Borrowing an additional £1,000 interest-free would save each student £99 a year, compared with a bank account that was to charge interest at a rate of 9.9 per cent for authorised borrowing. That's a huge saving over the years spent at university and far outweighs the value of any incentives on offer.

For students who think they are likely to borrow £1,500 plus from year one, then Halifax or Barclays should be the first ports of call. Halifax will lend up to £3,000 interest-free and Barclays up to £2,000. However, be careful because exceeding these limits can result in additional unauthorised charges, which you can ill afford on a very tight budget.

Most of the account-opening incentives on offer are hardly worth the bother once you understand the real value of a large interest-free overdraft facility. The possible exception to this is the deal from NatWest. Students who are not reliant on a huge interest-free overdraft to help get them through university, and will be using the train to get to and from college, should take a look at the account from NatWest which comes with a five-year 16-25 Railcard worth £130.

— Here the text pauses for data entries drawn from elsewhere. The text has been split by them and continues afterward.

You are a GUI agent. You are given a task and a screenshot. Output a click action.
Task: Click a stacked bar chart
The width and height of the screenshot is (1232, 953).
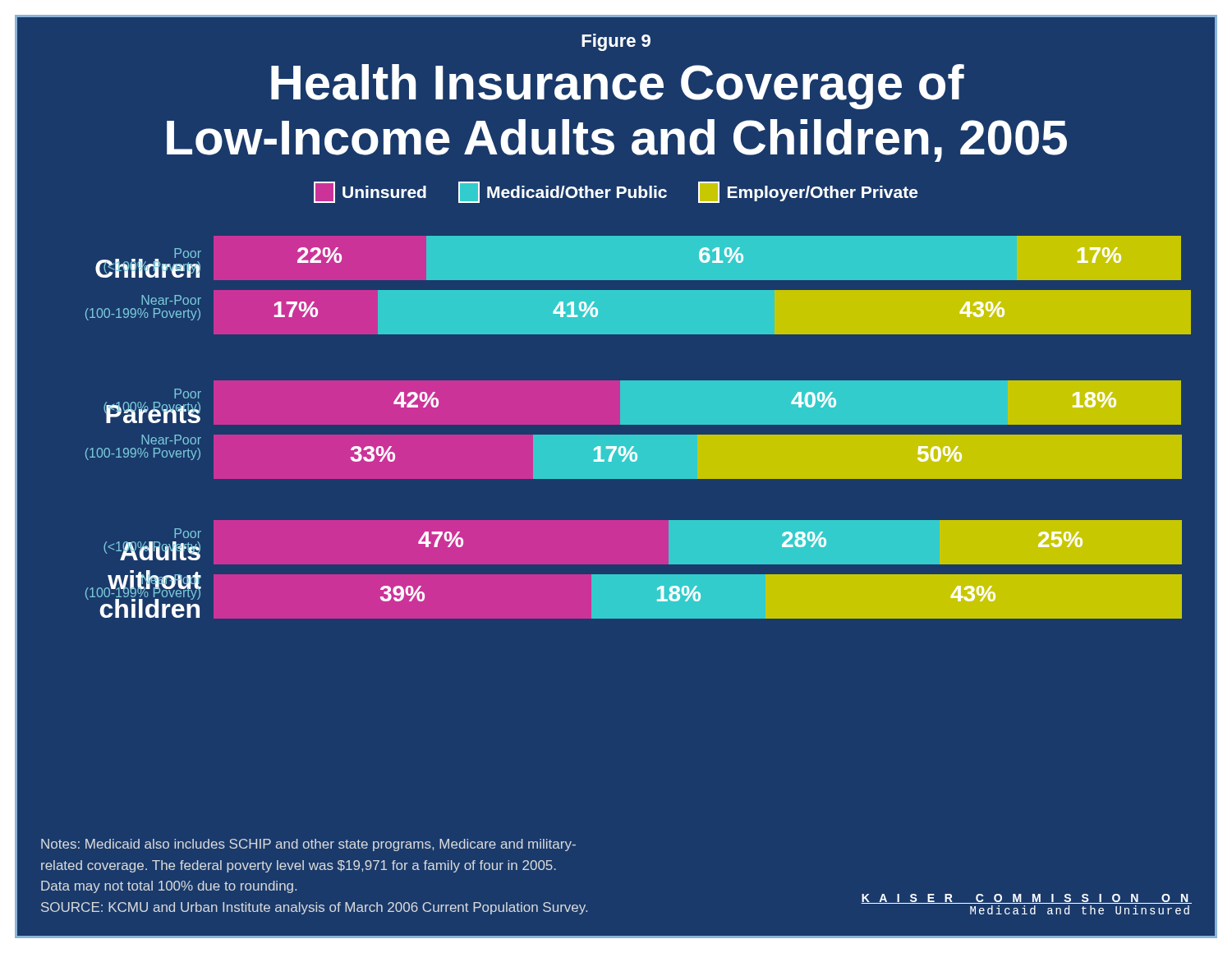coord(616,445)

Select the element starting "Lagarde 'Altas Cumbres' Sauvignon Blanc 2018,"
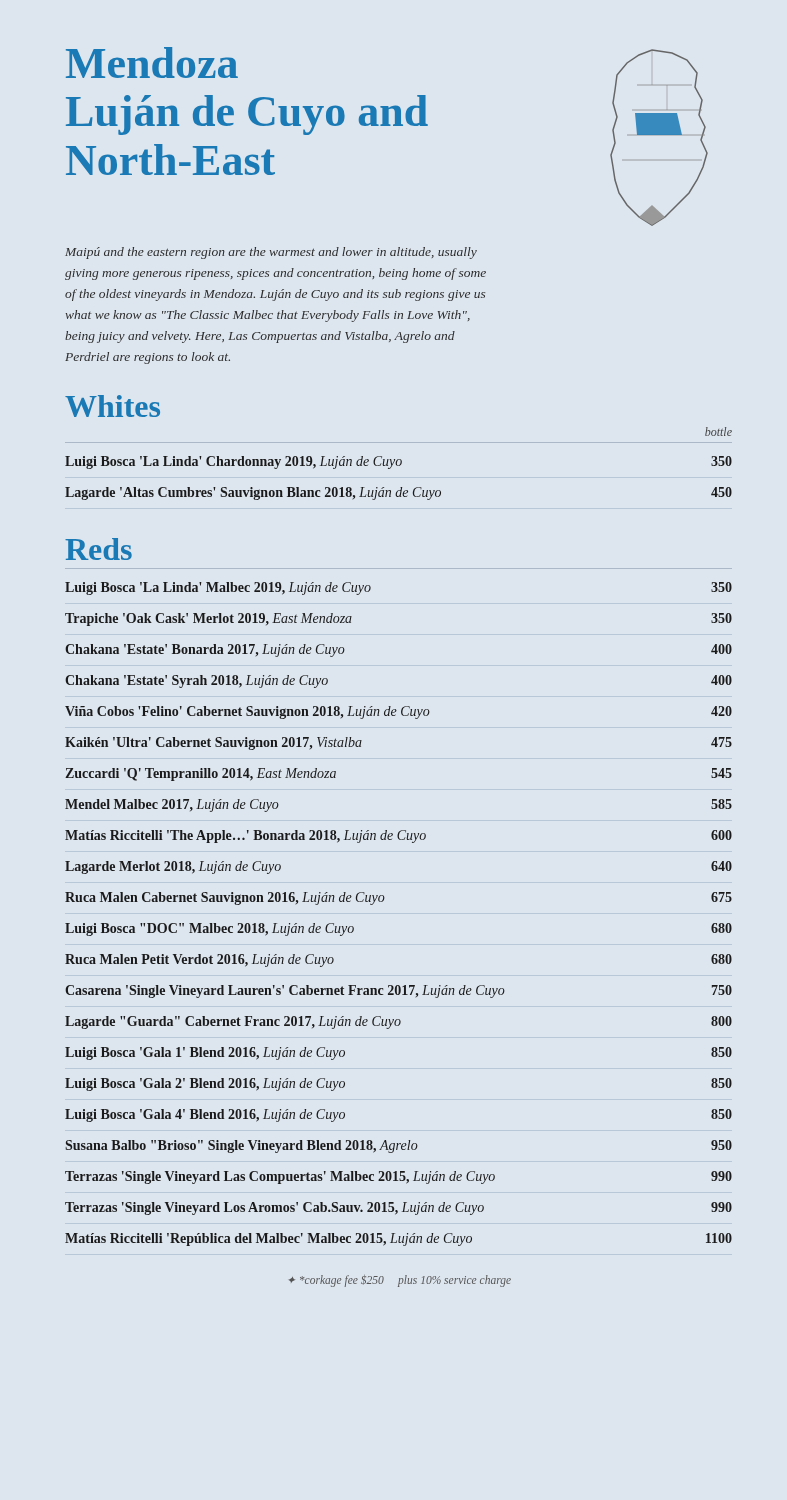[x=398, y=493]

It's probably also wise to avoid a student credit card, but if you really must have one, make sure it's only used for emergencies. Don't be tempted to use it as an overdraft extension because unless you've got the cash to clear the account in full, your budget will be squeezed further with interest charges at almost 20 per cent APR. The banks make it easy for students to apply for a card when open a bank account, but they are really best avoided until you have a regular salary.

Great new mortgage rates on offer

figures from the Council of Mortgage Lenders this week revealed that gross mortgage lending in June was an estimated £13.1bn, a 15 per cent increase from £11.4bn in May and a 7 per cent increase from £12.2bn in June last year.

There are signs that house prices are starting to flatten out with more properties coming on to the market since the scrapping of home information packs. Even though the levels of activity are still quite low, there is no shortage of good mortgage deals on offer.

Yorkshire Building Society is offering an exceptional five-year fixed rate of just 3.99 per cent with a £995 fee for up to 75 per cent loan to value (LTV).

There are also some new capped-rate deals, from Coventry Building Society, including a 2.99 per cent variable rate capped at a maximum of 3.99 per cent with a £999 fee for up to 65 per cent LTV.

On the savings front, Derbyshire Building Society is now offering a best-buy three-year fixed-rate bond paying 4.10 per cent AER with the option to receive interest monthly if you so wish.

Meanwhile, Saffron Building Society has launched a regular saver account paying 4.00 per cent AER fixed. Unlike many regular saver accounts, it is very flexible in that unlimited penalty-free withdrawals are permitted.